MongoDB Equality, Sort, Range (ESR) without Equality (SR): add an unbounded range predicate on the indexed sort field

In a previous post. I applied the ESR rule to multiple databases. I used a simplified example with no equality predicate to focus on covering the Sort and Range by the index. However, for the demo in MongoDB, I added an Equality predicate that doesn't filter anything, {$gt:MinKey}, to get a full Equality, Sort, Range.

On my first day as a Developer advocate for MongoDB, I discussed this with the product managers, and the reason and possible optimization are tracked in the improvement idea Tighten index bounds and allow compound index to be chosen when predicate on leading field is not provided.
In this article, I'm showing it, with a simple workaround.

A table to experiment with the ESR rule

Here is a collection with fields that I'll use for queries with Equality, Sort, Range:

mdb> db.demoesr.drop();

mdb> db.demoesr.insertMany([
 { e:42, s:"a", r:10 },
 { e:42, s:"b", r:20 },
 { e:42, s:"b", r:10 },
 { e:42, s:"d", r:30 },
 { e:42,        r:40 }  // add one doc with no sort value
]);

Index and query on Equality, Sort, Range (ESR)

I create a compound index on fields "e", "s", and "r", in the order recommended by the ESR rule:

mdb> // index on Equality, Sort, Range

mdb> db.demoesr.createIndex( 
 { e: 1 , s: 1, r : 1 }
);

e_1_s_1_r_1

I query with an equality predicate on "e", a range pI execute a query with an equality predicate on "e", a range predicate on "r", and a sort on "s", along with a projection of only indexed fields to ensure the query is fully covered by the index (the id must be explicitly excluded from the projection "_id":0):

mdb> db.demoesr.find( 
 { e:{$eq: 42} ,r:{$gt:10} } , {e:1,s:1,r:1,"_id":0 } 
).sort({s:1});

[
  { e: 42, s: null, r: 40 },
  { e: 42, s: 'b', r: 20 },
  { e: 42, s: 'd', r: 30 }
]

I know that the result comes from the index entry directly, without fetching the document, because I can see s: null for the document where "s" doesn't exist.
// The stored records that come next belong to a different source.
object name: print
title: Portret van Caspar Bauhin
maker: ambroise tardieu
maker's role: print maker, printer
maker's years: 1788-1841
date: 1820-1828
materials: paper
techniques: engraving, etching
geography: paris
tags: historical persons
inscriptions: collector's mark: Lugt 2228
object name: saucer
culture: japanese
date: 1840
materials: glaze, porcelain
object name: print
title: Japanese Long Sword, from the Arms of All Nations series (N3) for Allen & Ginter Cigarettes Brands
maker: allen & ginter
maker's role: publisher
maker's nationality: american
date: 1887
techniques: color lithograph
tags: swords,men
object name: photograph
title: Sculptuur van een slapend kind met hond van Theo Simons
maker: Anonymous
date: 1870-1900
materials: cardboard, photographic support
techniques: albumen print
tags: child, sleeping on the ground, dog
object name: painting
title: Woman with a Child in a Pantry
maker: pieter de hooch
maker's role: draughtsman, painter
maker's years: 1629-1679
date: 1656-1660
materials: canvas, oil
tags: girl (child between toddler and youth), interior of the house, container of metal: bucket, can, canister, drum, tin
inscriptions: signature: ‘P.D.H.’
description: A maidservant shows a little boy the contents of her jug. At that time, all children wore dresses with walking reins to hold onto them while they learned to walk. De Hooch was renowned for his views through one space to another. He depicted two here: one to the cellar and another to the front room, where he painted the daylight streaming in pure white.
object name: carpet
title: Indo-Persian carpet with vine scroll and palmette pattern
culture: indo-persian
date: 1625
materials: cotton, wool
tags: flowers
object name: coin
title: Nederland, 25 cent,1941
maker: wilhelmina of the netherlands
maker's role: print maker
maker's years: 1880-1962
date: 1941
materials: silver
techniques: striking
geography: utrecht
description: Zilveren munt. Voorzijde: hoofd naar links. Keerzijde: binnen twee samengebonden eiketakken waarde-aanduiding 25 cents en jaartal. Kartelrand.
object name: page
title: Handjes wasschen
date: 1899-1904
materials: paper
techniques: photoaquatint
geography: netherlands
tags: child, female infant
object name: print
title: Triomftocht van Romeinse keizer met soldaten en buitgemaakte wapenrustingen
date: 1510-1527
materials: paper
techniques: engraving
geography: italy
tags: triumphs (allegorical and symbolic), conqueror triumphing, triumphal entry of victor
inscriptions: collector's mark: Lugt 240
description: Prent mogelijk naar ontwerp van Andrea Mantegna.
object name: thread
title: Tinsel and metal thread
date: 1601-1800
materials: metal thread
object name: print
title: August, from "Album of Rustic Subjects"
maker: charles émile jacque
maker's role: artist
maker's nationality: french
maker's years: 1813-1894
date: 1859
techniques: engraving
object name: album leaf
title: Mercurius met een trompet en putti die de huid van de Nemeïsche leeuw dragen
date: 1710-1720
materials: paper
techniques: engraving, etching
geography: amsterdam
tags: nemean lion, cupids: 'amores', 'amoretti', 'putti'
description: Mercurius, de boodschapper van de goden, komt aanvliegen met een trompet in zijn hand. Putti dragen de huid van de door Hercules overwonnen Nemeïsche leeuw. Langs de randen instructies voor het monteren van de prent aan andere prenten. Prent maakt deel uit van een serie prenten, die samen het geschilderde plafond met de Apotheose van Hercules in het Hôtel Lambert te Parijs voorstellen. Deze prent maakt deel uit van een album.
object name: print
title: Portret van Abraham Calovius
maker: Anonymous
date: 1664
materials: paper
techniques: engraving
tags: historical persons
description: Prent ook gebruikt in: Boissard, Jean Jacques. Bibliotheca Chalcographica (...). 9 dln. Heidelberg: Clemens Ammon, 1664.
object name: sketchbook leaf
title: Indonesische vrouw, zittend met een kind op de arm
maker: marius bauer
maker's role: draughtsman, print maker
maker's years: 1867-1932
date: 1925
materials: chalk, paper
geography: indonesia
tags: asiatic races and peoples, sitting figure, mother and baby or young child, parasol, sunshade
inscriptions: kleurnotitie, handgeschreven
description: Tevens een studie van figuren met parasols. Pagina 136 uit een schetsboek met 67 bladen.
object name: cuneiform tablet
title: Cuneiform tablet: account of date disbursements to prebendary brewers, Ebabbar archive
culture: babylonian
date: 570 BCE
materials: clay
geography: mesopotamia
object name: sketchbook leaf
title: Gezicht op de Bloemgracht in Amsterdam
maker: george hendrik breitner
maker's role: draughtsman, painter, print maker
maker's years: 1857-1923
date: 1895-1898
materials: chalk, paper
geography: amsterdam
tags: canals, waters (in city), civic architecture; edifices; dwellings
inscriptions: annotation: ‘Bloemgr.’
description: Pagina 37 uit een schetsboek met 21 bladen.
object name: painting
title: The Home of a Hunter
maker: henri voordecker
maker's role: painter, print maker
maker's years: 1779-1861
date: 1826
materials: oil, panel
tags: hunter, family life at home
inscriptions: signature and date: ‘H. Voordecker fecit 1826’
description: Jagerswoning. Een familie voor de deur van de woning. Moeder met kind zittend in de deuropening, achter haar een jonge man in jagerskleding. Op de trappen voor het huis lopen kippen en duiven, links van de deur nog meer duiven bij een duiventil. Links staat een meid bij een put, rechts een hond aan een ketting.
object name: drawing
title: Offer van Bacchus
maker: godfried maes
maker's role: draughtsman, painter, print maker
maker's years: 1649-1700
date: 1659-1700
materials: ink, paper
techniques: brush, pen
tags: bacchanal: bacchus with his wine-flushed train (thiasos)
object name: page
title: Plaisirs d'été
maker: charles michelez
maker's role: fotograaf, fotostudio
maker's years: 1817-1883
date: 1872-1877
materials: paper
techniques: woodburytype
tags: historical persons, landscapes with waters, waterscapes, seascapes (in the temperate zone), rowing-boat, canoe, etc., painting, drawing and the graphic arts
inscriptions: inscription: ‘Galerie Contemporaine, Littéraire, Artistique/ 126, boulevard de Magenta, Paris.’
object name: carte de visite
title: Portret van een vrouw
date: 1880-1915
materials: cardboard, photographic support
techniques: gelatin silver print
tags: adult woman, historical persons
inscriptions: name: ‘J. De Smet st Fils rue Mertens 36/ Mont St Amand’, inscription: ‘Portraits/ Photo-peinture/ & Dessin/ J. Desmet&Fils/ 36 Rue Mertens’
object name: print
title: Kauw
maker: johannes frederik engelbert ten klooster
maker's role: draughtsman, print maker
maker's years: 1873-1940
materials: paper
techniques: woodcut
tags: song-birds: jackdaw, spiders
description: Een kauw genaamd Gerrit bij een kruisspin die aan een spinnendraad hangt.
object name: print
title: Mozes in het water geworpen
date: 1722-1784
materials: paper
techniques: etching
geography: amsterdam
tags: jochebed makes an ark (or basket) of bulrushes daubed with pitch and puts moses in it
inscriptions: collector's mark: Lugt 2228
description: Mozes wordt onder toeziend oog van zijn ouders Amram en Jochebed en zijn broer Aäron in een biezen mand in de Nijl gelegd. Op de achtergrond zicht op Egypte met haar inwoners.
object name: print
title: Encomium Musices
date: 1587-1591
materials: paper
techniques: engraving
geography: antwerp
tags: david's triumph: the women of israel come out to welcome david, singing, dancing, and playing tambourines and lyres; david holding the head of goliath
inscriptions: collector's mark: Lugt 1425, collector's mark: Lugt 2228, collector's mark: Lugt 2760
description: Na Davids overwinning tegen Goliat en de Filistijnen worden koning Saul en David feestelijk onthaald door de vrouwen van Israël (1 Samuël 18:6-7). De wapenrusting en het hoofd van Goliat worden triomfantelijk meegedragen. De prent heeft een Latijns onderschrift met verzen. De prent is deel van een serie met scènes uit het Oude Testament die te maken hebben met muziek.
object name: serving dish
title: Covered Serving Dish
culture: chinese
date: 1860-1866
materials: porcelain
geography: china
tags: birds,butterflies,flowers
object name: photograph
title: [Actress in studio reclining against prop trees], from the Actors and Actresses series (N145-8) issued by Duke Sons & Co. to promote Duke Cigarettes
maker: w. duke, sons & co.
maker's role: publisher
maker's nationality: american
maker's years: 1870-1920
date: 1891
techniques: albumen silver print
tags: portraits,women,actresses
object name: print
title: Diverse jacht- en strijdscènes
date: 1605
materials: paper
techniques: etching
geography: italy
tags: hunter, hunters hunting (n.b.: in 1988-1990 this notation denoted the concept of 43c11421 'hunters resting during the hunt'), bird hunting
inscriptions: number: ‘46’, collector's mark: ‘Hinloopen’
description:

The index has a value for all index key fields, with a null value when it does not exist in the document.

I confirm from the execution plan that there's no FETCH and no documents were read:

mdb> db.demoesr.find( 
 { e:{$eq: 42} ,r:{$gt:10} } , {e:1,s:1,r:1,"_id":0 } 
).sort({s:1}).explain("executionStats").executionStats;

{
  nReturned: 3,
  totalKeysExamined: 5,
  totalDocsExamined: 0,
  executionStages: {
    stage: 'PROJECTION_COVERED',
    nReturned: 3,
    transformBy: { e: 1, s: 1, r: 1, _id: 0 },
    inputStage: {
      stage: 'IXSCAN',
      nReturned: 3,
      keyPattern: { e: 1, s: 1, r: 1 },
      indexName: 'e_1_s_1_r_1',
      direction: 'forward',
      indexBounds: {
        e: [ '[42, 42]' ],
        s: [ '[MinKey, MaxKey]' ],
        r: [ '(10, inf.0]' ]
      },
      keysExamined: 5,
      seeks: 3,
    }
  }

This is the perfect execution plan for such queries as Equality, Sort, and Range were pushed down to the IXSCAN:

  • e: [ '[42, 42]' ] is first in the index bounds and returns a single range for the filter on "e". The range holds keysExamined: 5 index entries.
  • s: [ '[MinKey, MaxKey]' ] is second in the index bounds and returns this range ordered by "s", still returning keysExamined: 5 index entries.
  • r: [ '(10, inf.0]' ] cannot use a single seek to get this range because there are multiple values in the preceding "s" but the filter is applied to the index entries and returns nReturned: 3 index entries.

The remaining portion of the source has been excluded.